(Beginning of GIVEN ENTRIES)

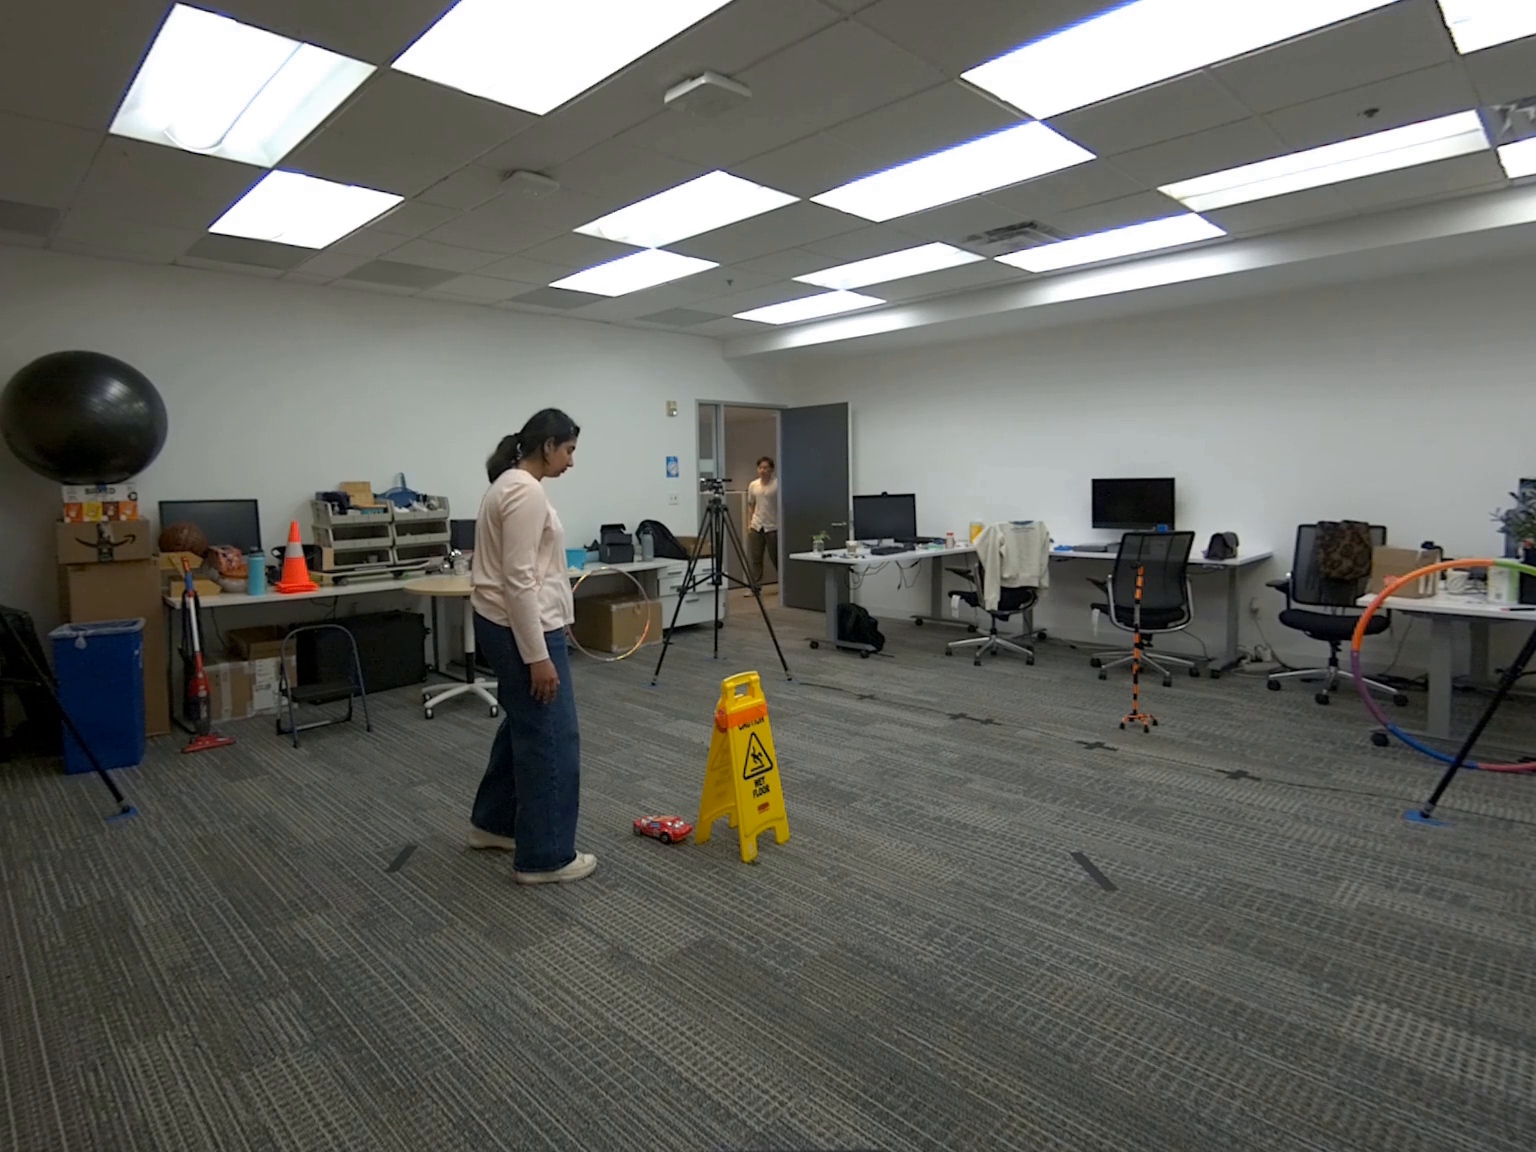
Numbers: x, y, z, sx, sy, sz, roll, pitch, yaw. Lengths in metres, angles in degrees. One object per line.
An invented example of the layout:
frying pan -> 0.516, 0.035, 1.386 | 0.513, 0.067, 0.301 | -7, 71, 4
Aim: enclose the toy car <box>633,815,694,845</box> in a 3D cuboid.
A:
toy car -> -0.403, 0.990, 3.347 | 0.260, 0.083, 0.127 | -10, -1, 35
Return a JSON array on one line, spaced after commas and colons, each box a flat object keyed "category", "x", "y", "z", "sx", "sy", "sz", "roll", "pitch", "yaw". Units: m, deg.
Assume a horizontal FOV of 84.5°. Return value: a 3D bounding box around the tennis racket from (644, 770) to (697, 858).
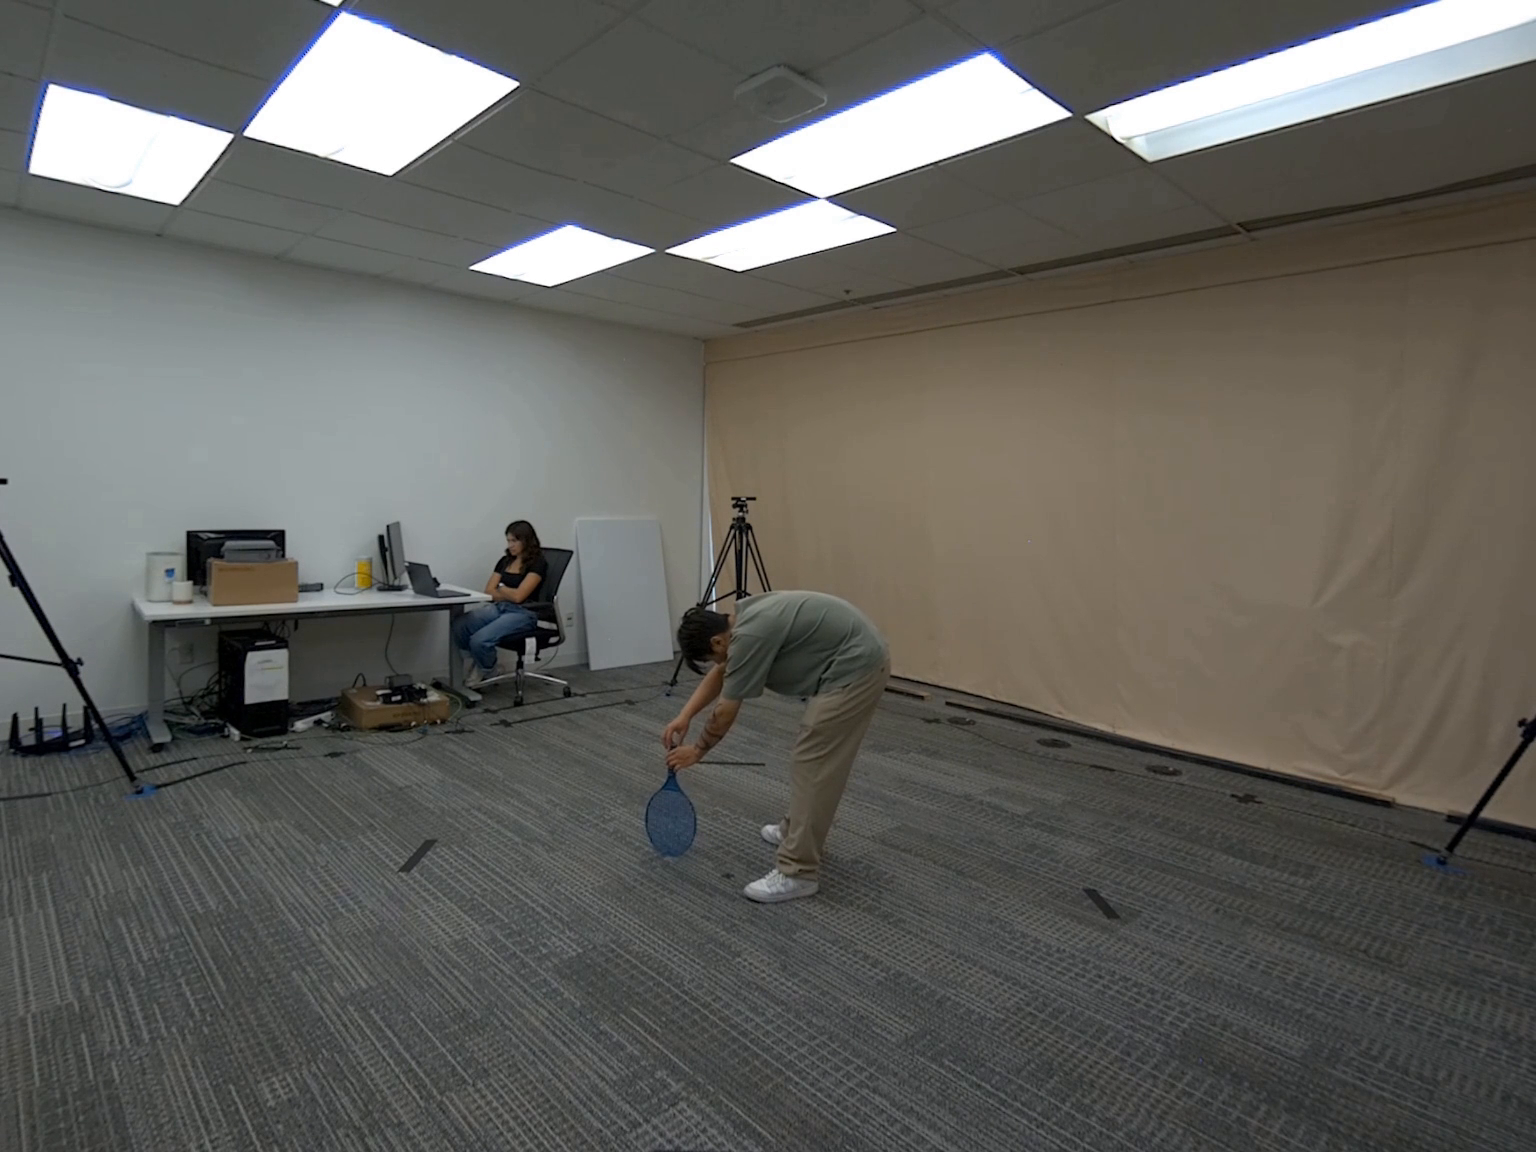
[{"category": "tennis racket", "x": -0.385, "y": 0.874, "z": 3.264, "sx": 0.217, "sy": 0.433, "sz": 0.031, "roll": 1, "pitch": 0, "yaw": 19}]
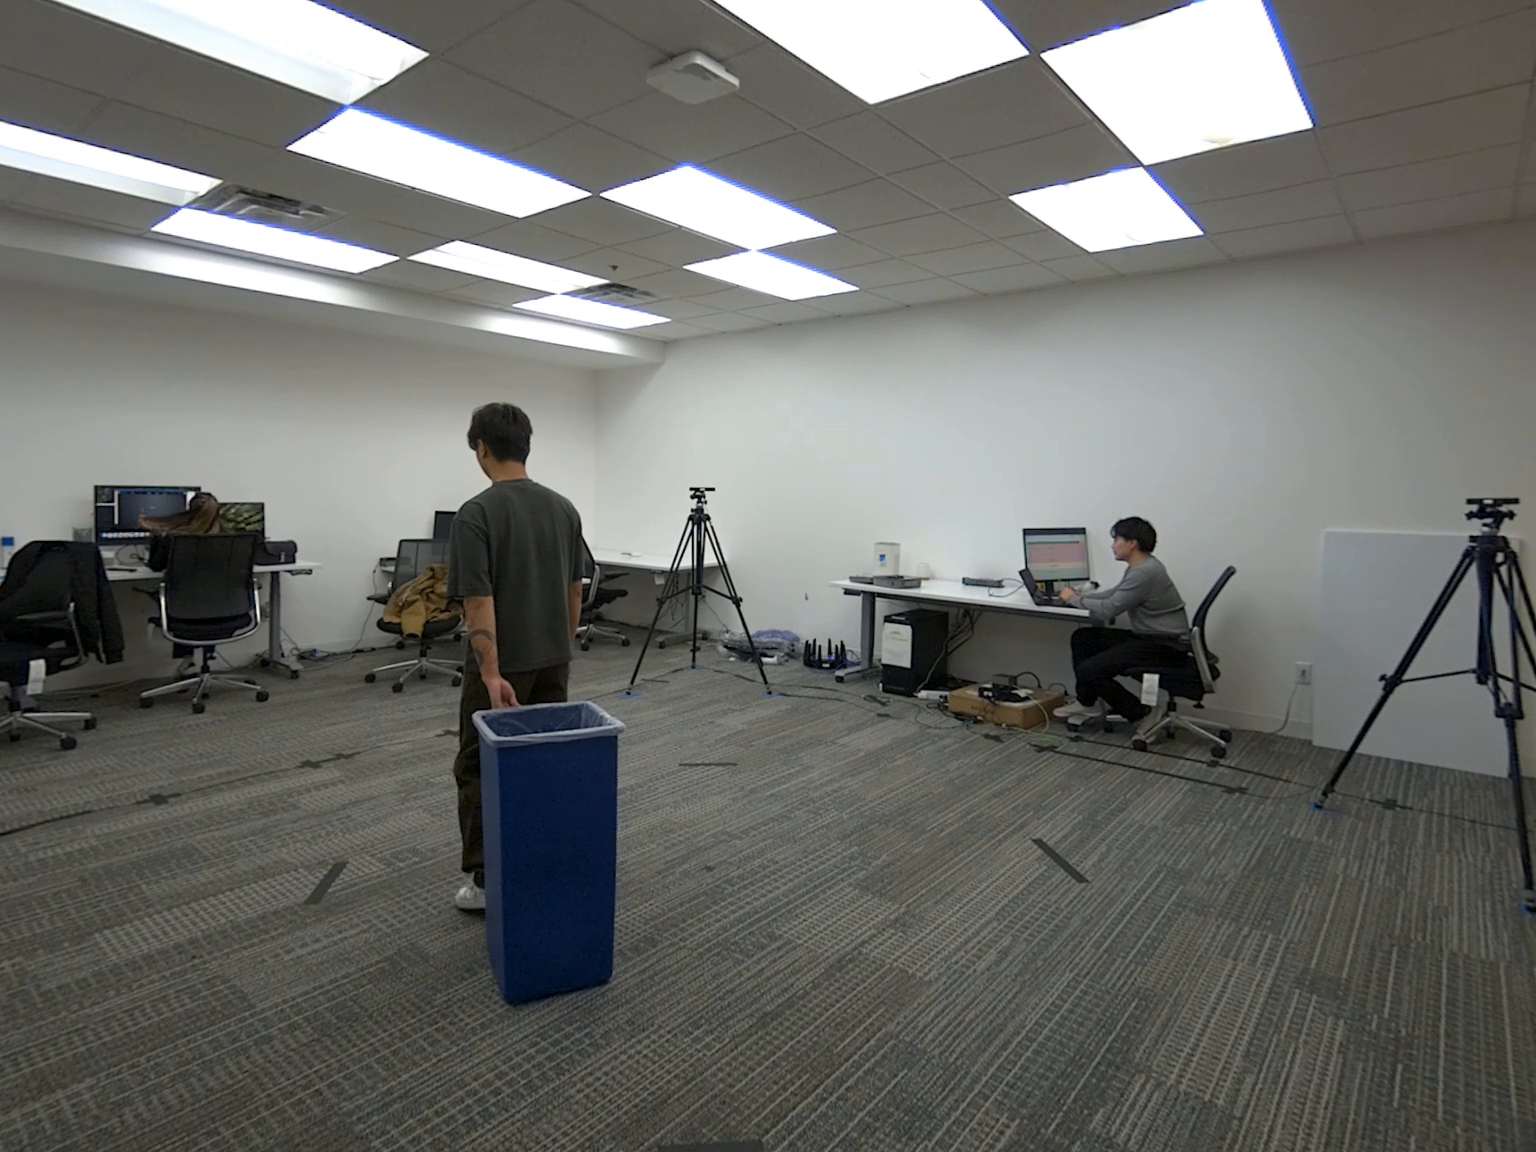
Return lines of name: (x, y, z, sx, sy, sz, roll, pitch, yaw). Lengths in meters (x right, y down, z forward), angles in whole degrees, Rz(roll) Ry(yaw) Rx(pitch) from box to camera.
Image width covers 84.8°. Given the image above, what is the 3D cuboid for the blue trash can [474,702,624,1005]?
blue trash can: (-0.649, 0.764, 2.441, 0.365, 0.713, 0.388, 0, 1, -26)
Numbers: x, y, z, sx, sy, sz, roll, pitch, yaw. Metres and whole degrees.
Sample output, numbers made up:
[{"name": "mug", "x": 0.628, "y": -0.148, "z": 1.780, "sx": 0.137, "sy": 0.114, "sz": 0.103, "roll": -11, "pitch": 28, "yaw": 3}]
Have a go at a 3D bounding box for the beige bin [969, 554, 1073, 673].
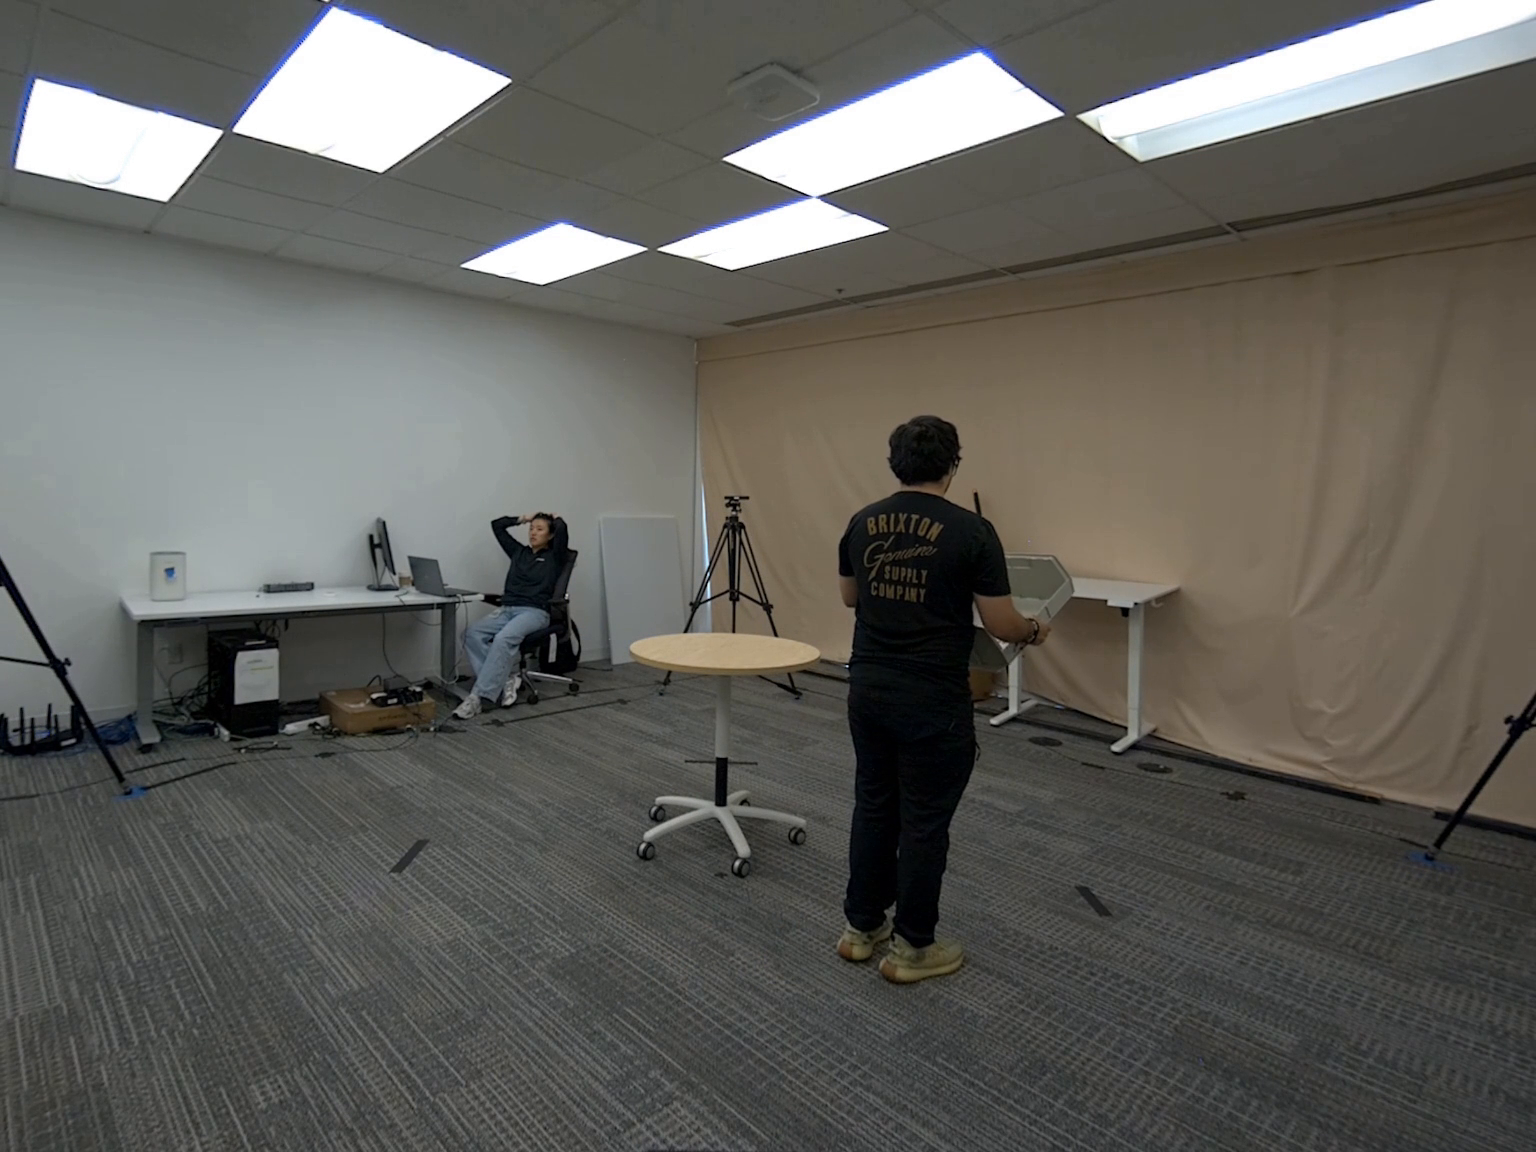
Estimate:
[{"name": "beige bin", "x": 0.732, "y": 0.113, "z": 2.800, "sx": 0.420, "sy": 0.186, "sz": 0.385, "roll": -39, "pitch": 20, "yaw": -29}]
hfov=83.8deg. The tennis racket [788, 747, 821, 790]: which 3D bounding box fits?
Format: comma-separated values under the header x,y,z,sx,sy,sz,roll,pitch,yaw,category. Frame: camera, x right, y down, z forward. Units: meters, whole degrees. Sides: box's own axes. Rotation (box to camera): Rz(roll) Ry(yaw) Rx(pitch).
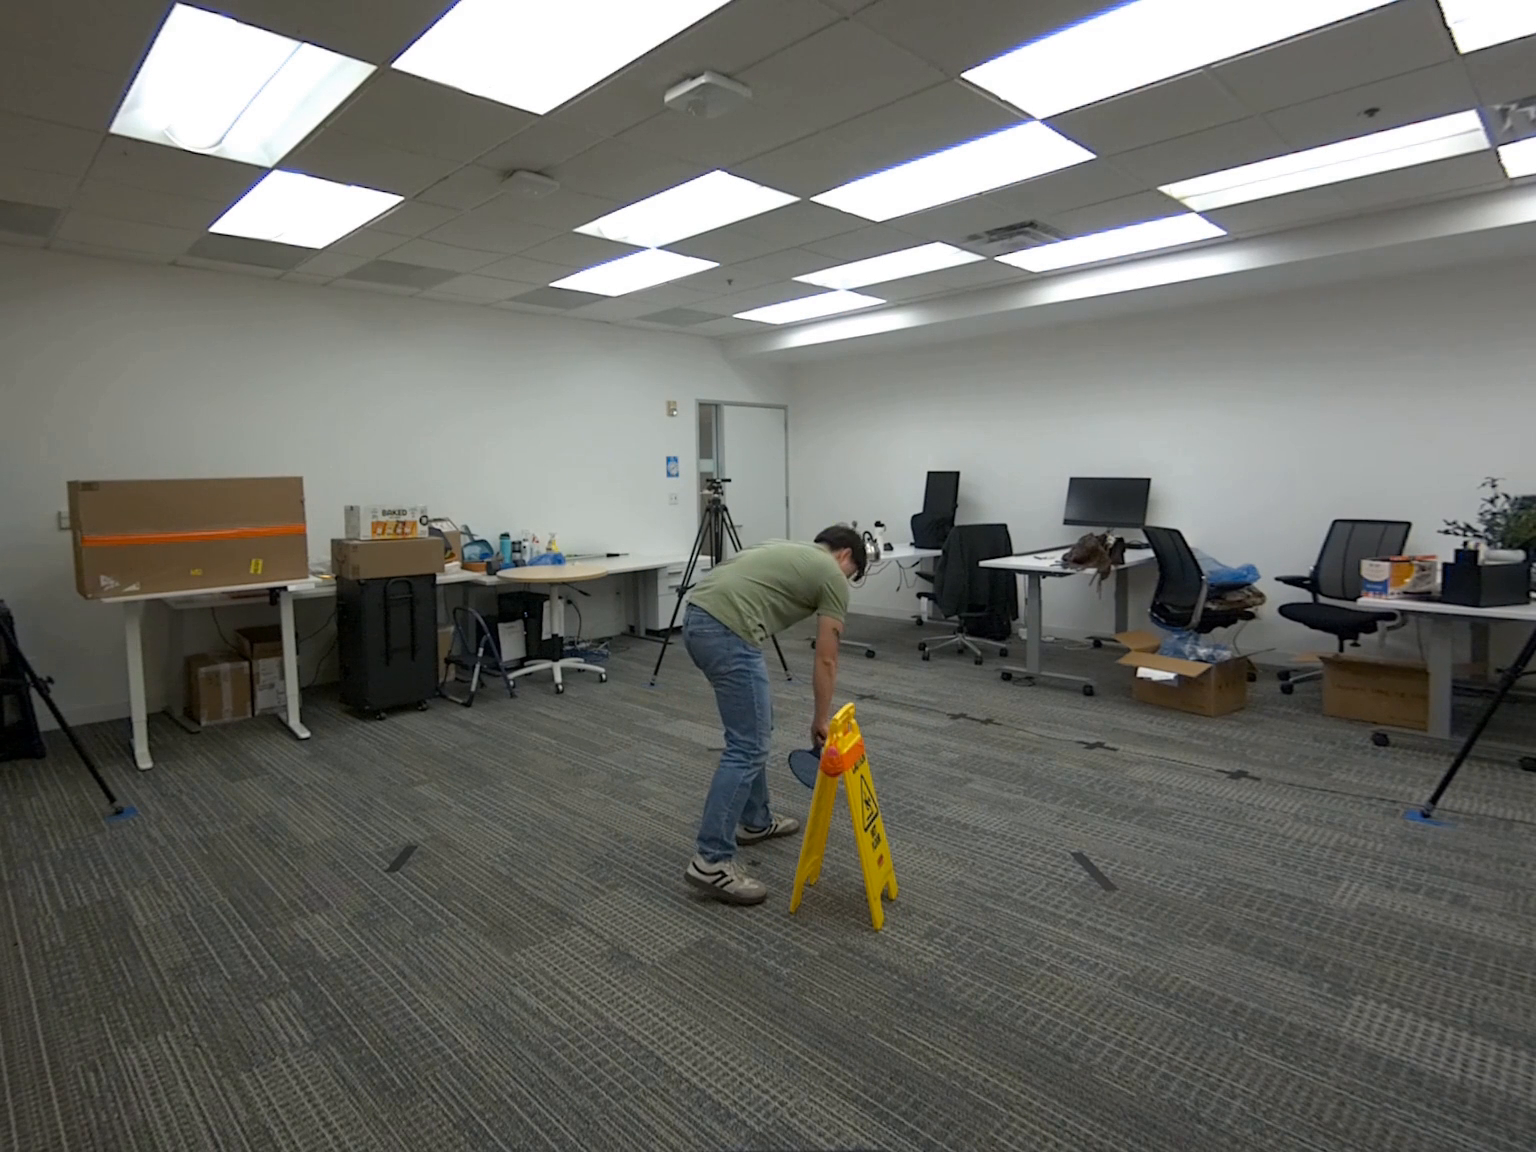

(End of GIVEN ENTRIES)

HOW TO COMPLETE THIS TASK:
Looking at the material, work out the number of lines holding "object", and write that number alone.

ANSWER TO THIS TASK:
2